Recently, IBM revealed its plans to integrate the new open source software RAPIDS into its enterprise-based data science platform designed for multicloud, hybrid and on-premises environments.
Looking at IBM ’s extensive portfolio made up of machine learning and deep learning solutions, the company appears to be well positioned to deliver this open-source technology, specifically to data scientists irrespective of their chosen deployment model.
“IBM has a long collaboration with NVIDIA that has shown demonstrable performance increases leveraging IBM technology, like the IBM POWER9 processor, in combination with NVIDIA GPUs. We look to continue to aggressively push the performance boundaries of AI for our clients as we bring RAPIDS into the IBM portfolio,” explained Bob Picciano, the Senior Vice President of IBM Cognitive Systems.
RAPIDS is expected to deliver GPU acceleration features to IBM offerings, which leverage open source machine learning software such as scikit-learn, Pandas and Apache Arrow. The immediate, extensive ecosystem support for the new open source software RAPIDS stems from various core open-source contributors such as Ursa Labs, INRIA, PyData, NERSC, Graphistry, Anaconda, and BlazingDB.
IBM intends to deliver RAPIDS to various such as multicloiud, hybrid, public and on-premises environments such as:
- PowerAI on IBMPOWER9, to take advantage of RAPIDS in expanding the available options to data scientists equipped with new open source analytics and machine learning libraries. PowerAI prides itself on being IBM’s software layer that improves how today’s AI workloads and data science operate on heterogeneous computing systems.
- IBM Cloud, to users who select machines fitted with GPUs, will be in a better position to apply the analytics libraries in RAPIDS and accelerated machine learning not only for their cloud applications but also tapping the benefits of machine learning.
- IBM Watson Studio and Watson Machine Learning, to leverage the capability of NVIDIA GPUs in a bid to allow AI developers and data scientists to create, deploy and operate faster models compared to the CPU-only deployments designed for their AI applications, particularly in a multicloud environment featuring IBM Cloud and IBM Cloud Private.
“IBM and NVIDIA’s close collaboration over the years has helped leading enterprises and organizations around the world tackle some of the world’s largest problems. Now, with IBM taking advantage of RAPIDS open-source libraries announced today by NVIDIA, GPU accelerated machine learning is coming to data scientists, helping them analyze big data for insights faster than ever possible before, ” asserted Ian Buck, VP and general manager of Accelerated Computing at NVIDIA.

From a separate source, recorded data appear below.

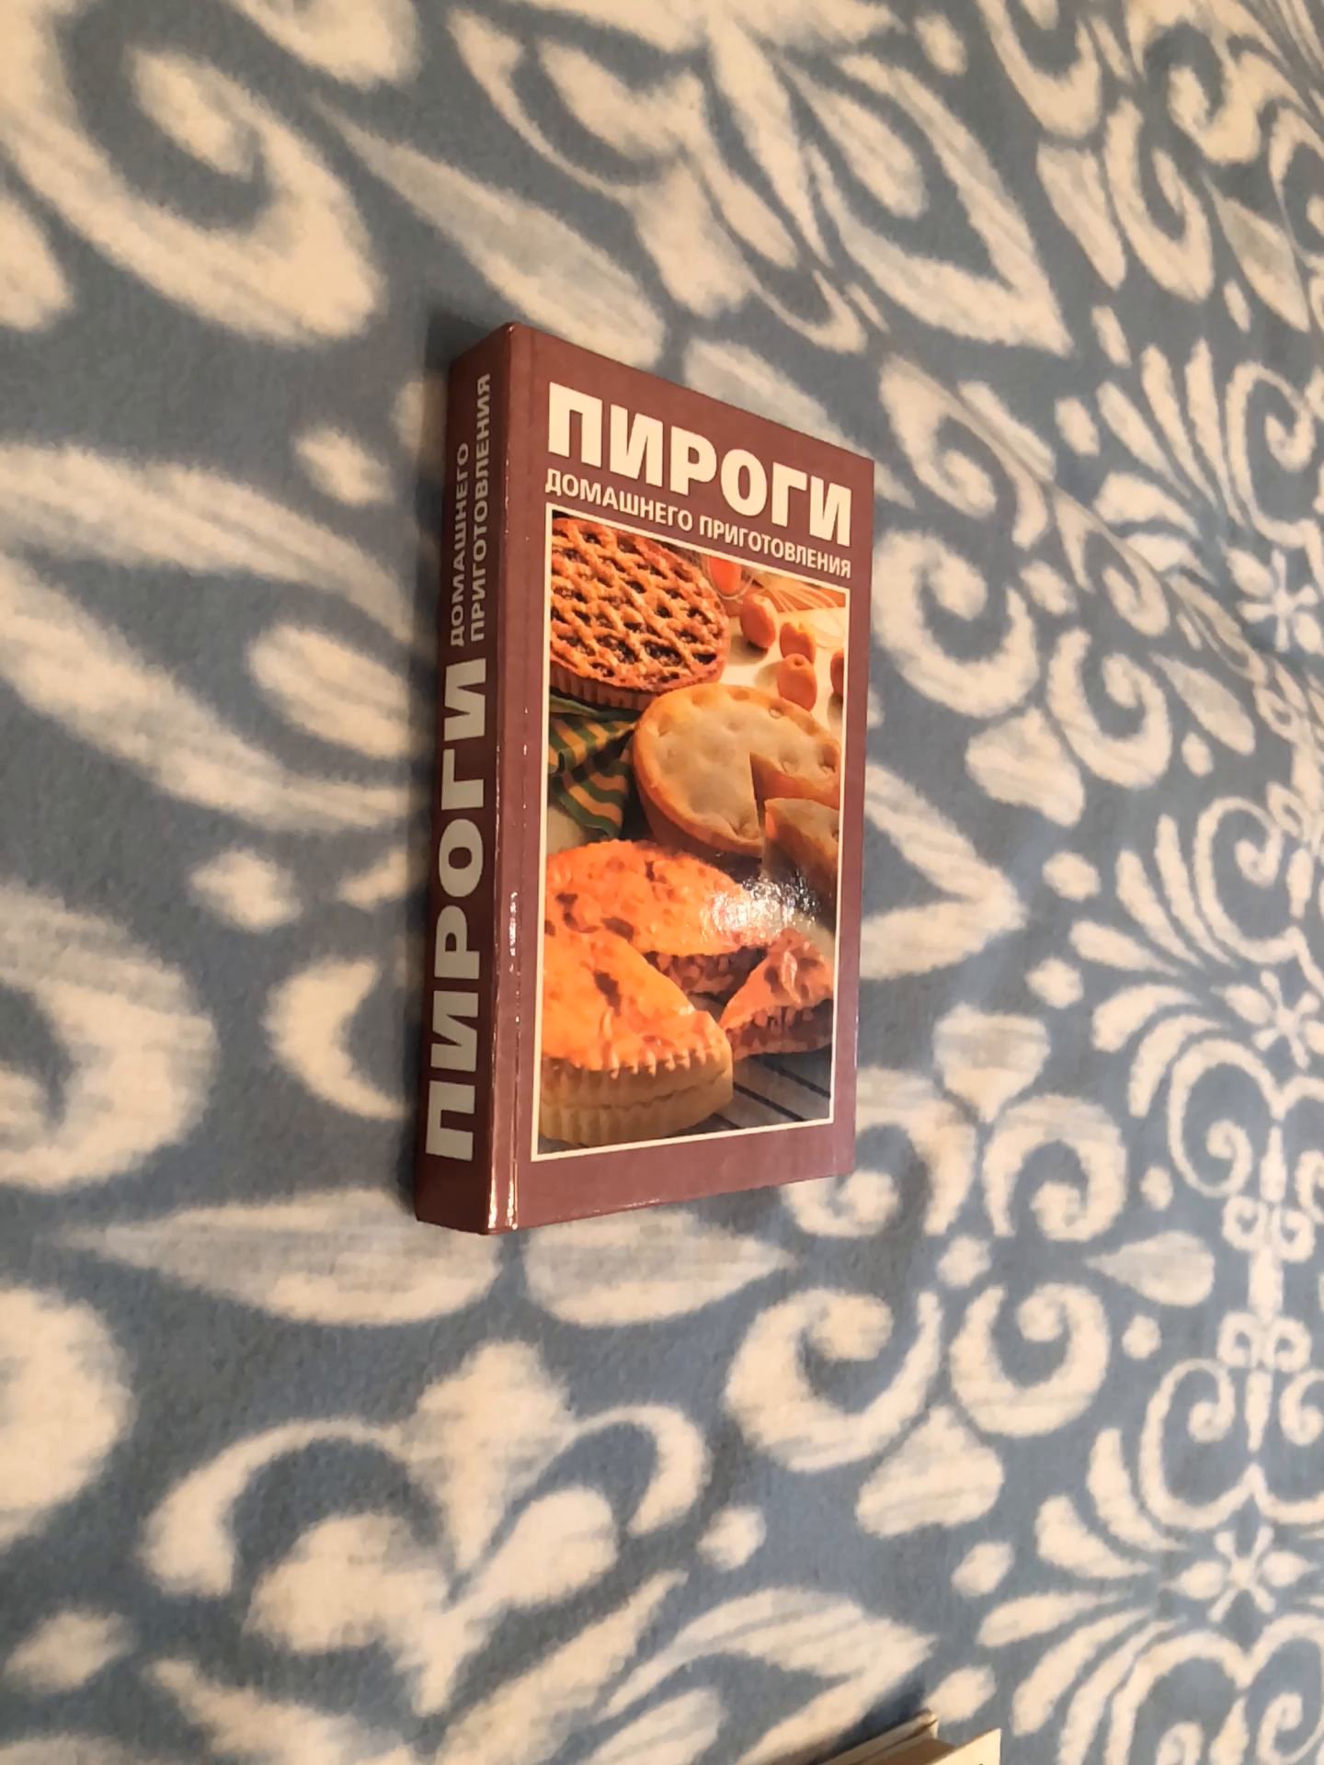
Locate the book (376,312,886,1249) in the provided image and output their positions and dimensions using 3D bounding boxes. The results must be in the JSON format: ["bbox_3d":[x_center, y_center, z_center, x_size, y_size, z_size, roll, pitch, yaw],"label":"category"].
[{"bbox_3d":[-0.002,-0.020,0.372,0.132,0.040,0.200,4,87,-45],"label":"book"}]
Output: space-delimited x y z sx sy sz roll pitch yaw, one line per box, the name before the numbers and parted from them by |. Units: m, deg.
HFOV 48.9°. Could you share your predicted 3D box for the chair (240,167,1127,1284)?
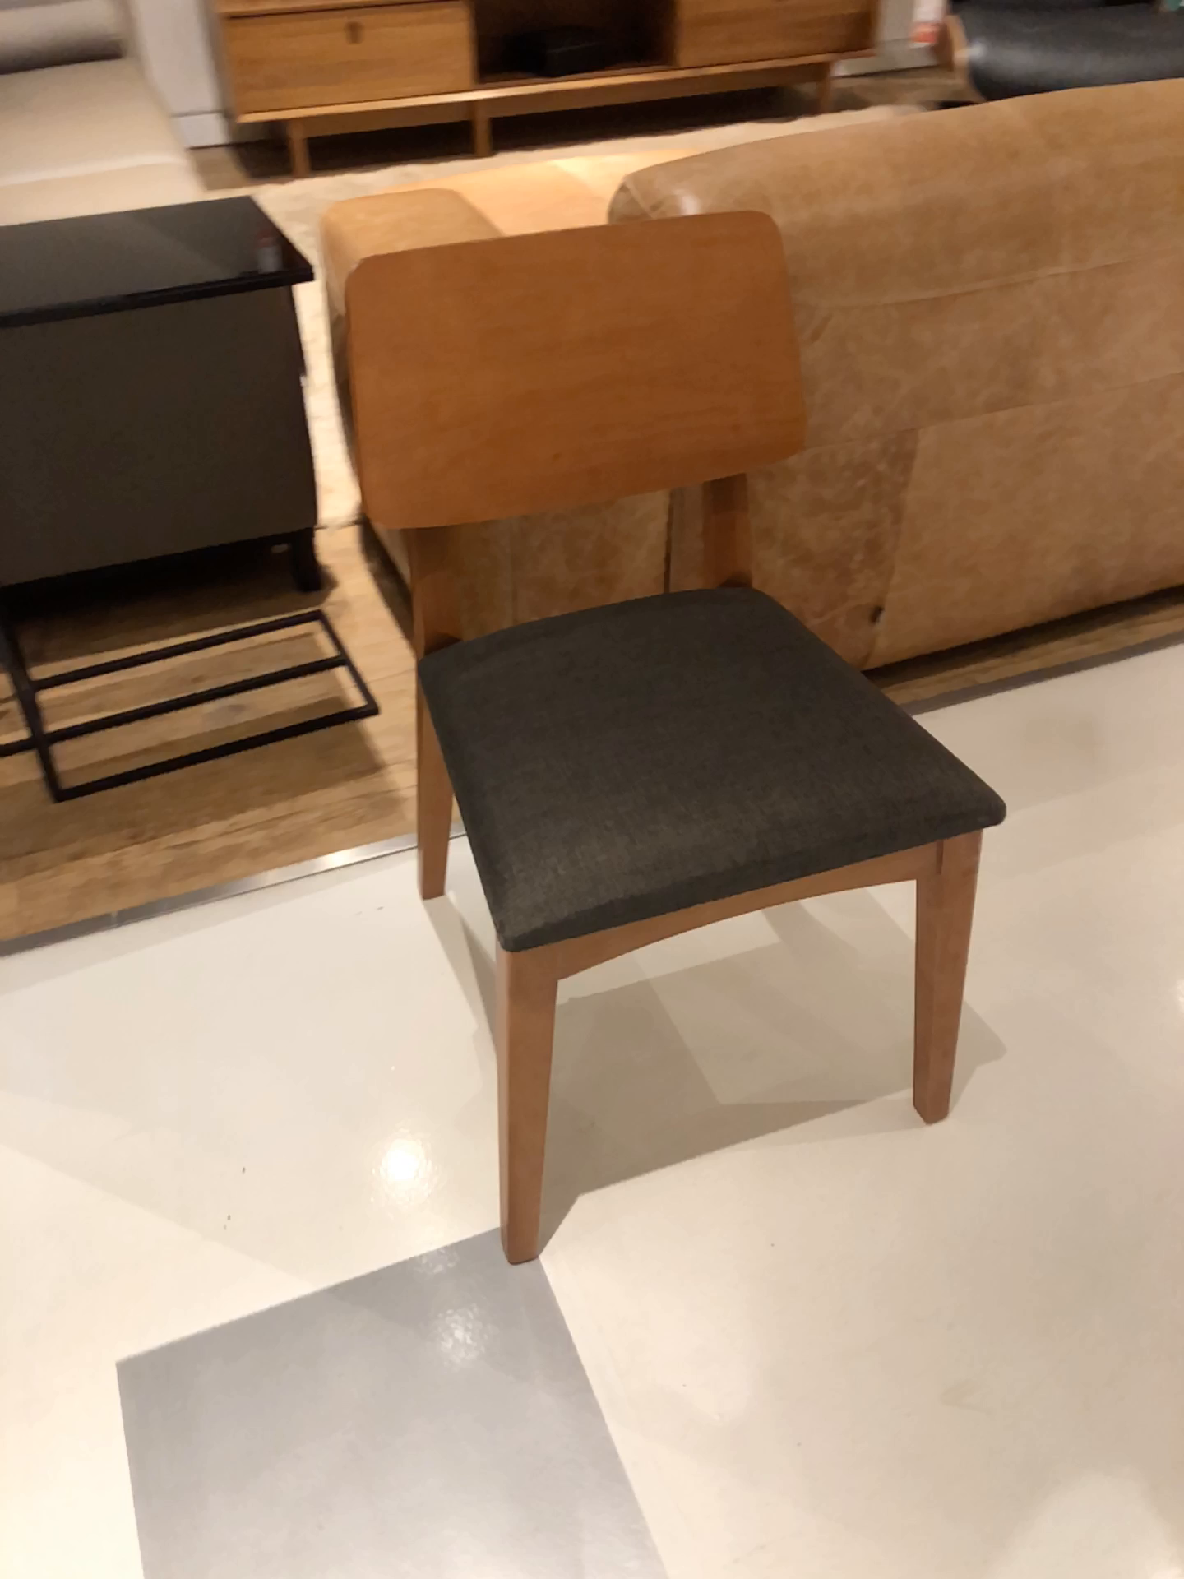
chair | 0.027 -0.064 1.236 0.481 0.794 0.564 -14 42 -15
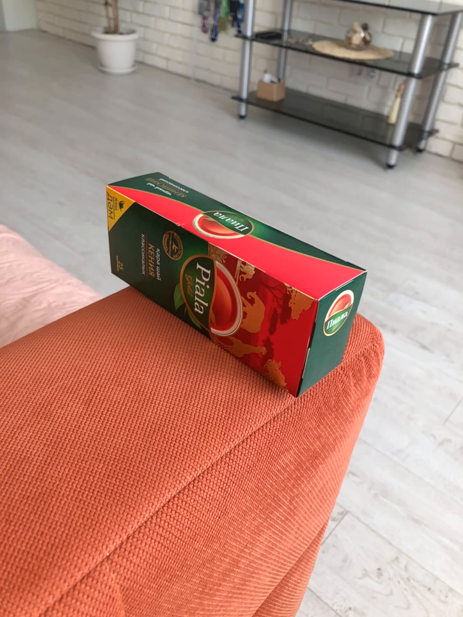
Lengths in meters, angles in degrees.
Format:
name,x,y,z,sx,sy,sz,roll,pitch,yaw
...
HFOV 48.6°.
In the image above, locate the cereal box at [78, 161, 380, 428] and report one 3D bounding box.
name,x,y,z,sx,sy,sz,roll,pitch,yaw
cereal box,-0.012,-0.018,0.288,0.170,0.069,0.050,32,44,31
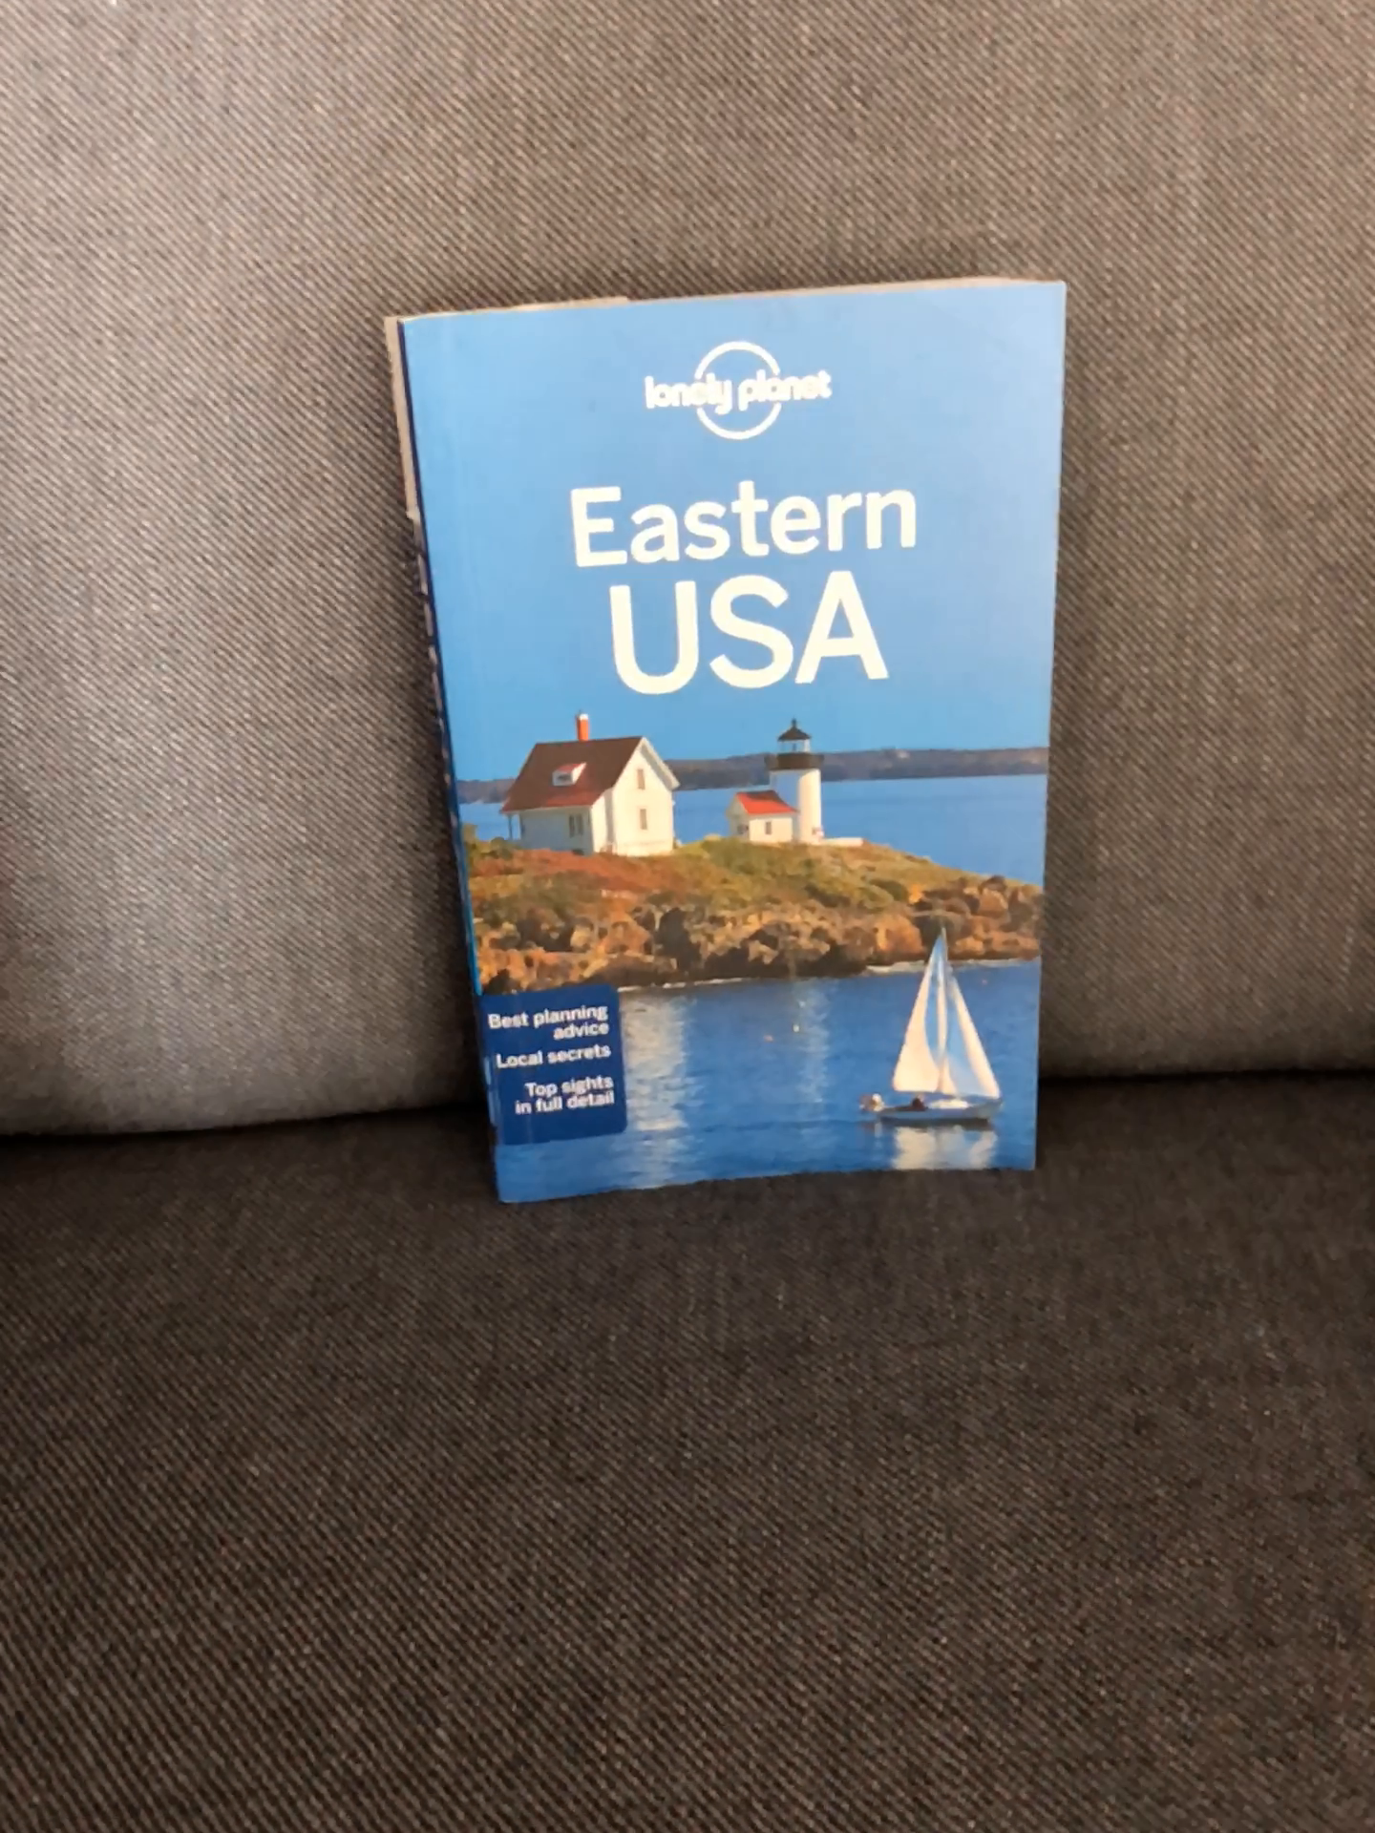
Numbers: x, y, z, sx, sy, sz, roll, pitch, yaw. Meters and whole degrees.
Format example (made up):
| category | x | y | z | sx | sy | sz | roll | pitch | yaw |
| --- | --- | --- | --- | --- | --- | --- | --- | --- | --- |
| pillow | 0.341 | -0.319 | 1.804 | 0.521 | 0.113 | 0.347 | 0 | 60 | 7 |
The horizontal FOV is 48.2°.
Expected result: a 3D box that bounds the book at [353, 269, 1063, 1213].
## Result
| category | x | y | z | sx | sy | sz | roll | pitch | yaw |
| --- | --- | --- | --- | --- | --- | --- | --- | --- | --- |
| book | 0.009 | -0.033 | 0.345 | 0.134 | 0.200 | 0.039 | -3 | 22 | 2 |
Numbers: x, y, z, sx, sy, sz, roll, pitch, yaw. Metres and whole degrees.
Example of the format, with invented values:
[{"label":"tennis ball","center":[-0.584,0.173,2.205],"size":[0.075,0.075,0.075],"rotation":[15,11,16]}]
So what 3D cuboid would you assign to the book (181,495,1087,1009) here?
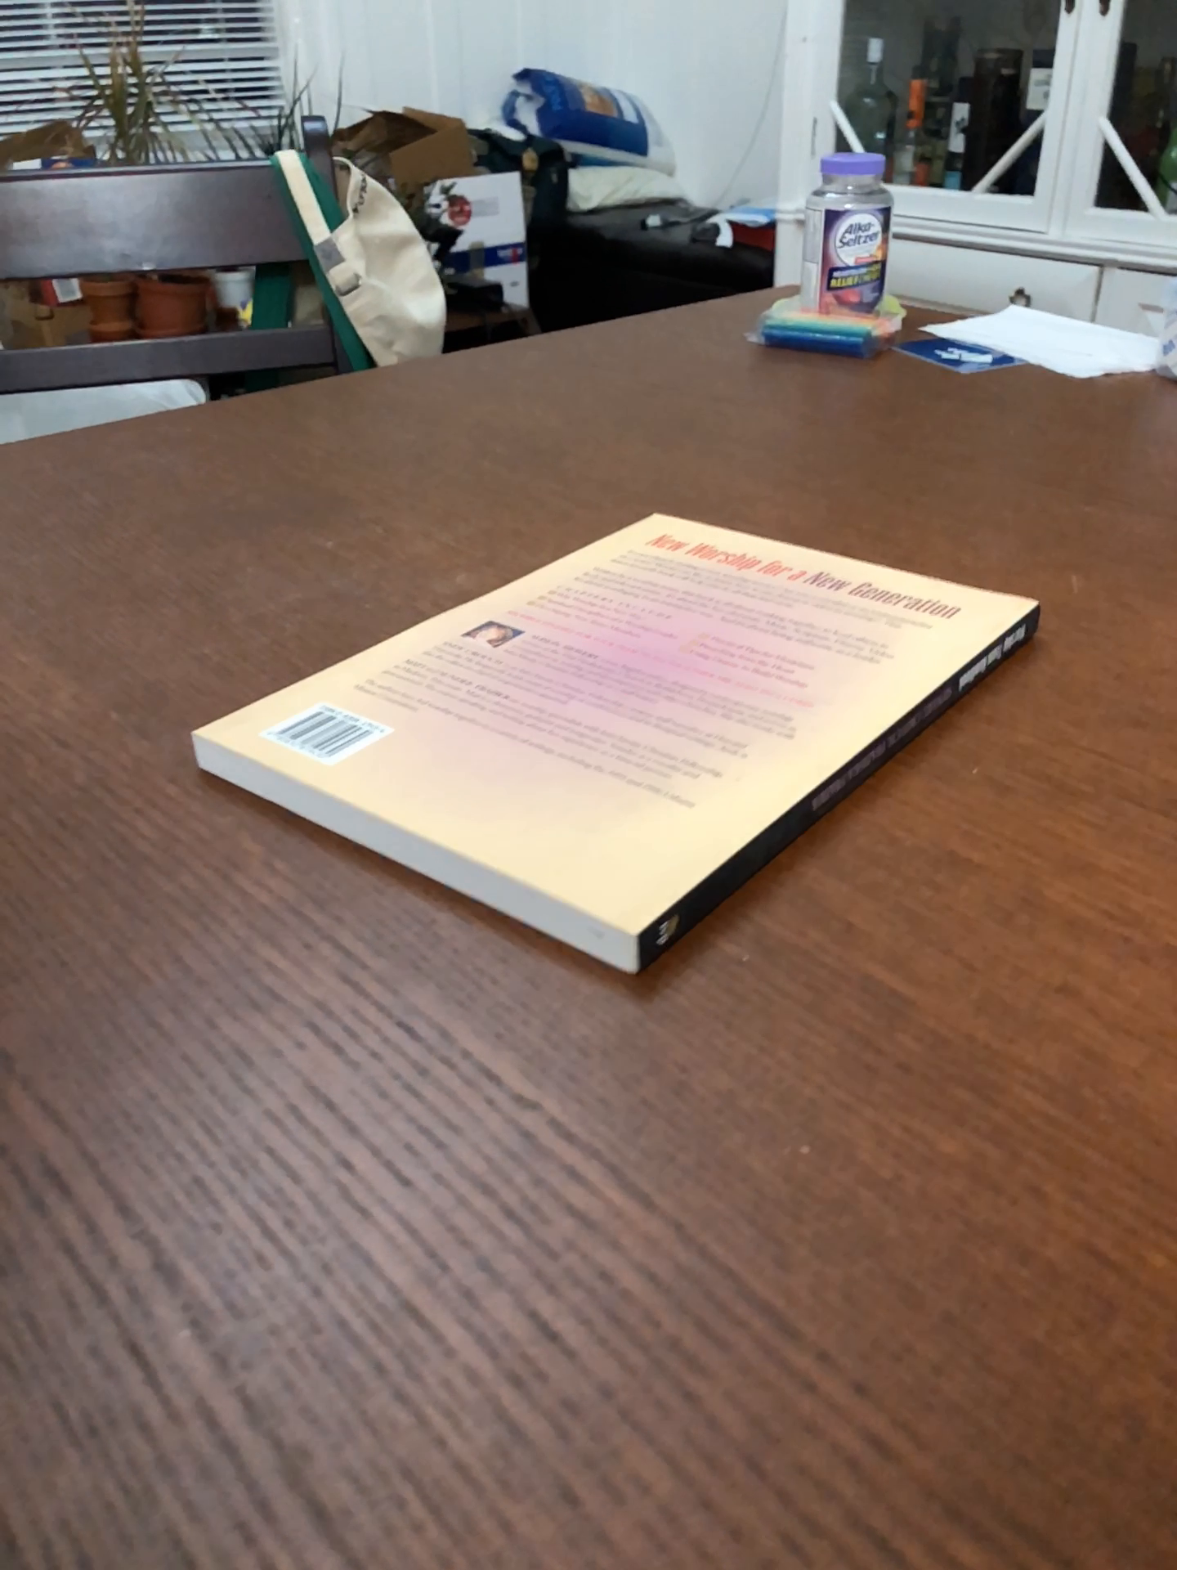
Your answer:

Machine learning acts as a form of AI that allows a system to learn from data as opposed to explicit programming. Businesses across various industries such as telecommunications, finance, and retail are either utilizing machine learning or exploring machine learning thanks to the potential value it provides to companies that are striving to take advantage of big data in a bid to assist them in comprehending the subtle transformations in customer satisfaction, preferences and behavior.
At the start of this year, IBM made headlines by setting a record, particularly in a tera-scale machine learning (ML) benchmark. It beat the company that held the previous record by 46 times.